Here are some examples:

  • 13.2% of Americans had some kind of physical or mental disability in 2019. There have been some fluctuations in this figure over the years. But the size of the disability population has been consistently between 12% and 14% since 2008.
  • 38.9% of disabled people worked for pay in 2019, compared to 78.6% of non-disabled people. This large employment gap has widened and narrowed by a few percentage points here and there over time. But employment for disabled and non-disabled people have mostly tracked up and down with the economy. Meanwhile, 25.9% of disabled people lived in poverty in 2019, compared to just 11.4% of non-disabled people. The poverty gap remained about the same over time as well, similarly tracking overall trends in the economy.
  • There are substantial racial and regional disparities among people with disabilities in the U.S. Data clearly show higher rates of disability itself for African-Americans, and lower educational rates, more institutionalization, (especially imprisonment), and higher unemployment and poverty for African-American disabled people compared to these rates for disabled people overall. And there are some significant differences between rural and urban settings, with higher disability prevalence in rural areas, and generally worse outcomes as well in employment, education, and other indicators for people with disabilities living in rural regions.
  • Figures on registration and voting rates were included for the first time. This includes nationwide and state numbers on disabled and non-disabled registration and voting in the 2020 elections, as well as figures on methods of voting, such as traditional on-site polling and voting by mail. There still appears to be a persistent political participation gap between disabled and non-disabled people, though it has been narrowing somewhat.

It’s impossible to draw too many simple conclusions from the Disability Statistics Compendium and the 2021 Annual Report. One thing the data shows clearly is the sheer complexity of disabled people’s lives and trends in the disabled population. However, to both casual observers and experts, one word does suggest itself: consistency.

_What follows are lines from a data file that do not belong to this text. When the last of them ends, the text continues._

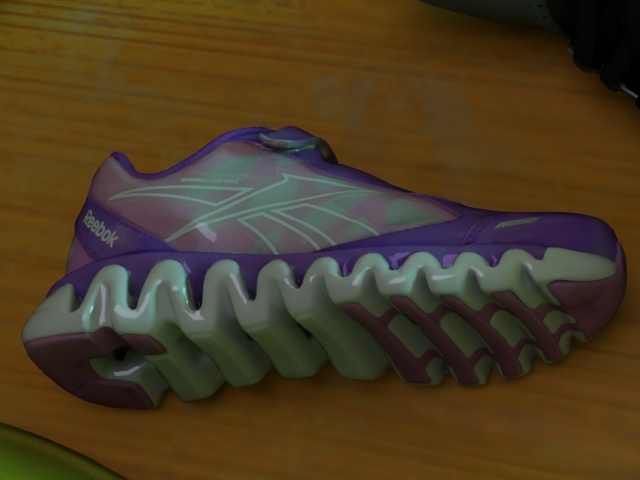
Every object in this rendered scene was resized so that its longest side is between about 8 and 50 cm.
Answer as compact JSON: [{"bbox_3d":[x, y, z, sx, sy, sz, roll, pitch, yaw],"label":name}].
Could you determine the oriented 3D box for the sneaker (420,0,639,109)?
[{"bbox_3d":[0.151,-0.057,0.744,0.295,0.124,0.178,5,61,16],"label":"sneaker"}]

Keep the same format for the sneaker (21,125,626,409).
[{"bbox_3d":[0.000,0.000,0.779,0.236,0.095,0.105,-4,60,15],"label":"sneaker"}]

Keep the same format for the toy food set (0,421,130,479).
[{"bbox_3d":[-0.081,0.139,0.734,0.218,0.128,0.071,26,99,18],"label":"toy food set"}]
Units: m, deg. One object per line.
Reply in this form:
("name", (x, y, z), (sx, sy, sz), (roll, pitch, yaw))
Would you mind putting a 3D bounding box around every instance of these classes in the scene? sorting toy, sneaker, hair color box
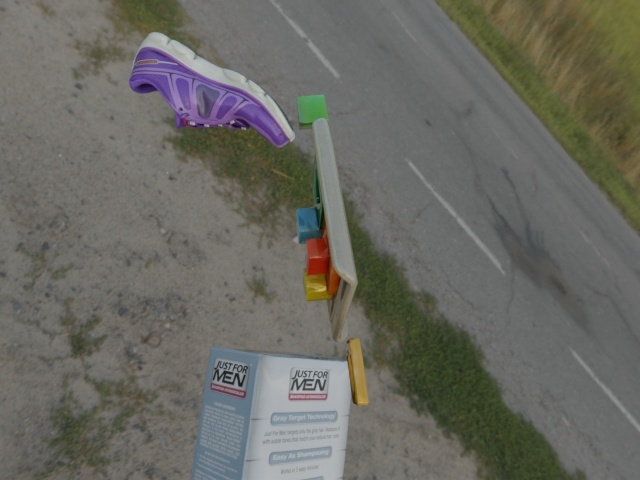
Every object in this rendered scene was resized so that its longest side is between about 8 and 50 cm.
("sorting toy", (0.000, 0.000, 0.536), (0.047, 0.196, 0.347), (-7, 62, -3))
("sneaker", (-0.104, -0.130, 0.484), (0.170, 0.071, 0.068), (28, 0, 2))
("hair color box", (-0.071, 0.342, 0.675), (0.185, 0.114, 0.374), (18, 75, -44))
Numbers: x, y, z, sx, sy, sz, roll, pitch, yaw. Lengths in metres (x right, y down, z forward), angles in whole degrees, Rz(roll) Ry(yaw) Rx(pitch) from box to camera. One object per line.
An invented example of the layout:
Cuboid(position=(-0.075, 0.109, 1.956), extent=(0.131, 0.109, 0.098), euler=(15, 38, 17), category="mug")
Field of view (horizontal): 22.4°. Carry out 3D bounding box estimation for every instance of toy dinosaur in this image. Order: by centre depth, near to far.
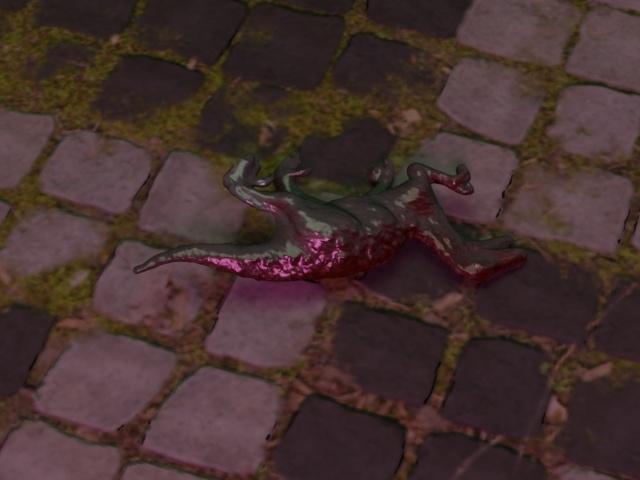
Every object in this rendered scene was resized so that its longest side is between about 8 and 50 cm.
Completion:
Cuboid(position=(0.000, 0.000, 1.096), extent=(0.242, 0.053, 0.167), euler=(-24, 60, -27), category="toy dinosaur")
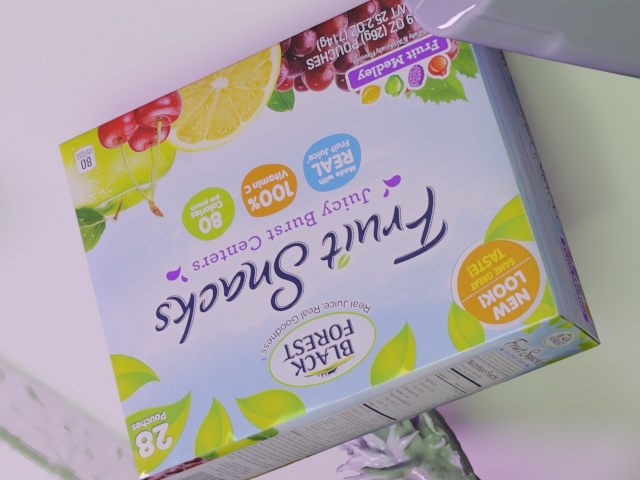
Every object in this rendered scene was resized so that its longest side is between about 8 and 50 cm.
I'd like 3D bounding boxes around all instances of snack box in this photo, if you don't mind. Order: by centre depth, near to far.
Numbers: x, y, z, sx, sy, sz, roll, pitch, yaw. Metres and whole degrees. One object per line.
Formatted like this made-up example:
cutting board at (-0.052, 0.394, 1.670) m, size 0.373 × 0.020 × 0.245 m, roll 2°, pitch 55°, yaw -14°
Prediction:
snack box at (0.000, 0.000, 0.893) m, size 0.207 × 0.070 × 0.174 m, roll -23°, pitch 68°, yaw 19°

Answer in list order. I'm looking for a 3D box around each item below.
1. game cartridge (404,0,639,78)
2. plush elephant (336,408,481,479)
game cartridge at (0.185, -0.180, 0.775) m, size 0.294 × 0.196 × 0.060 m, roll -52°, pitch 55°, yaw 31°
plush elephant at (0.022, 0.257, 0.924) m, size 0.255 × 0.272 × 0.330 m, roll -37°, pitch 70°, yaw 7°
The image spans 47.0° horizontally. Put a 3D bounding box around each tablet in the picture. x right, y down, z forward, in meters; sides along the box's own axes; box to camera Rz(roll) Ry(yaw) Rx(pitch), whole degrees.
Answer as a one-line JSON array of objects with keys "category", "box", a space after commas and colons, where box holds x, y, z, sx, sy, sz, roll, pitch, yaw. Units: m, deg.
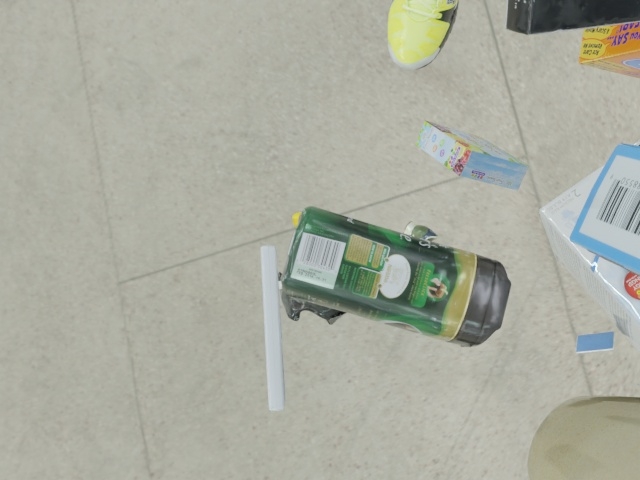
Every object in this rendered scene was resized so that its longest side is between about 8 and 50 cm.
[{"category": "tablet", "box": [0.612, 0.227, 1.638, 0.083, 0.054, 0.006, -13, 124, 34]}]

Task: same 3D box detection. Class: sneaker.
[{"category": "sneaker", "box": [0.218, 0.056, 1.721, 0.086, 0.064, 0.192, 18, 88, 24]}, {"category": "sneaker", "box": [0.037, 0.098, 1.346, 0.234, 0.078, 0.106, -7, 95, -2]}, {"category": "sneaker", "box": [0.219, -0.531, 1.452, 0.145, 0.147, 0.385, 20, 100, 14]}]

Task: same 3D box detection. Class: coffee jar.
[{"category": "coffee jar", "box": [0.063, 0.033, 0.624, 0.184, 0.096, 0.079, 17, 82, 1]}]

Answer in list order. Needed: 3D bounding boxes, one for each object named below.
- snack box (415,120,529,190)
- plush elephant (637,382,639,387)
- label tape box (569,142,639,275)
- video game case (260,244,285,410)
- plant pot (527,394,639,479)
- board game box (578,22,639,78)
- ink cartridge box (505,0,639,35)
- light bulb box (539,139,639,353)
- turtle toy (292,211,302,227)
[{"category": "snack box", "box": [0.346, -0.197, 1.696, 0.207, 0.174, 0.070, 52, 126, 54]}, {"category": "plush elephant", "box": [0.539, 0.235, 0.956, 0.272, 0.255, 0.330, -54, 45, 1]}, {"category": "label tape box", "box": [0.431, 0.046, 0.624, 0.347, 0.249, 0.115, 24, 97, -17]}, {"category": "video game case", "box": [-0.068, 0.116, 1.034, 0.023, 0.193, 0.212, -3, 88, -4]}, {"category": "plant pot", "box": [0.329, 0.250, 0.676, 0.274, 0.256, 0.257, 24, 99, 63]}, {"category": "board game box", "box": [0.727, -0.467, 1.263, 0.356, 0.356, 0.356, 8, 93, -16]}, {"category": "ink cartridge box", "box": [0.398, -0.355, 0.873, 0.069, 0.370, 0.176, -130, 32, -59]}, {"category": "light bulb box", "box": [0.692, 0.009, 1.434, 0.358, 0.225, 0.361, -36, 53, 6]}, {"category": "turtle toy", "box": [0.000, 0.000, 1.336, 0.130, 0.066, 0.095, -134, 29, -59]}]
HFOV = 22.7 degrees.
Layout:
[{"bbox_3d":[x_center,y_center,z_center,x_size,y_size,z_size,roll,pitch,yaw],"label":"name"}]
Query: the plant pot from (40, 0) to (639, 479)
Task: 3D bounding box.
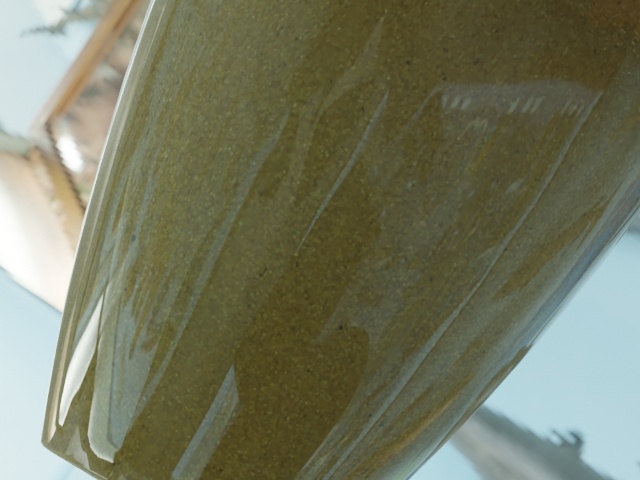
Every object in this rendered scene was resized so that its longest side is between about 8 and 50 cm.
[{"bbox_3d":[0.000,0.000,0.652,0.237,0.254,0.237,27,169,6],"label":"plant pot"}]
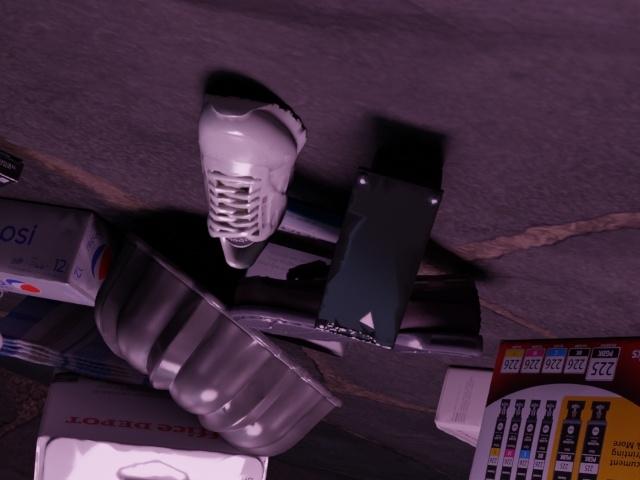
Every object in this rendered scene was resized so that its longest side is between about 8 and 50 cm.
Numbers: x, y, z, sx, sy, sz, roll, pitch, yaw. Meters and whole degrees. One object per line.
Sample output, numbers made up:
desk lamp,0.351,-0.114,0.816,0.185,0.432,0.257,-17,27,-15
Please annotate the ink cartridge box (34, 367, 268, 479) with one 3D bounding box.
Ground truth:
ink cartridge box,-0.229,0.259,1.684,0.285,0.166,0.395,6,-162,-7

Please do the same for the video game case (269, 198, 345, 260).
video game case,0.000,0.000,1.306,0.119,0.015,0.166,18,163,-9

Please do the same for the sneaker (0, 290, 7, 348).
sneaker,-0.462,0.063,1.656,0.292,0.169,0.108,18,145,52

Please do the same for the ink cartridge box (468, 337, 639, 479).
ink cartridge box,0.325,0.258,1.396,0.130,0.272,0.309,26,160,-32

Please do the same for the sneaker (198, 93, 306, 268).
sneaker,-0.065,-0.050,1.071,0.090,0.095,0.235,14,162,9

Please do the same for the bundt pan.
bundt pan,-0.138,0.137,1.459,0.331,0.124,0.331,39,173,6

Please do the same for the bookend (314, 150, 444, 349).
bookend,0.056,-0.016,1.072,0.072,0.156,0.157,16,119,0

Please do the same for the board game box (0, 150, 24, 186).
board game box,-0.428,-0.090,1.382,0.126,0.026,0.186,27,160,-31

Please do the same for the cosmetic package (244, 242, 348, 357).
cosmetic package,-0.019,0.069,1.378,0.117,0.086,0.231,16,169,4

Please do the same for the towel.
towel,-0.301,0.117,1.698,0.285,0.209,0.034,9,120,19

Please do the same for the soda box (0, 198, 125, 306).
soda box,-0.395,0.006,1.536,0.286,0.098,0.091,8,160,24

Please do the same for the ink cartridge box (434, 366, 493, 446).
ink cartridge box,0.292,0.245,1.695,0.217,0.092,0.158,-2,156,41

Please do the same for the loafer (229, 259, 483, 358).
loafer,0.041,0.056,1.213,0.302,0.095,0.109,13,168,-37

Across dozens of population, quality of life, and social status measures, gaps between disabled and non-disabled Americans have been broadly consistent over the years. Despite some notable fluctuations, there have been few major setbacks or breakthroughs for disabled people. These reports paint a picture of very gradual progress. They suggest that so far, nobody has found a revolutionary policy or approach to change the basic equations of life for Americans with disabilitie.s

In addition to specific data points and charts, the compendium and annual reports provide two other important things to those who use them:

First, they help people more accurately perceive the size and makeup of the disabled population. They refute the common assumption that disabled people constitute a tiny minority with little importance beyond humanitarian concerns. They flesh out the actual size of the disabled population in numbers and percentages, both nationally and state by state. And they map out the relative sizes of disability sub-populations of people with different types of disabilities — including ambulatory, cognitive, vision, and hearing impairments, as well as disabilities affecting self-care and independent living.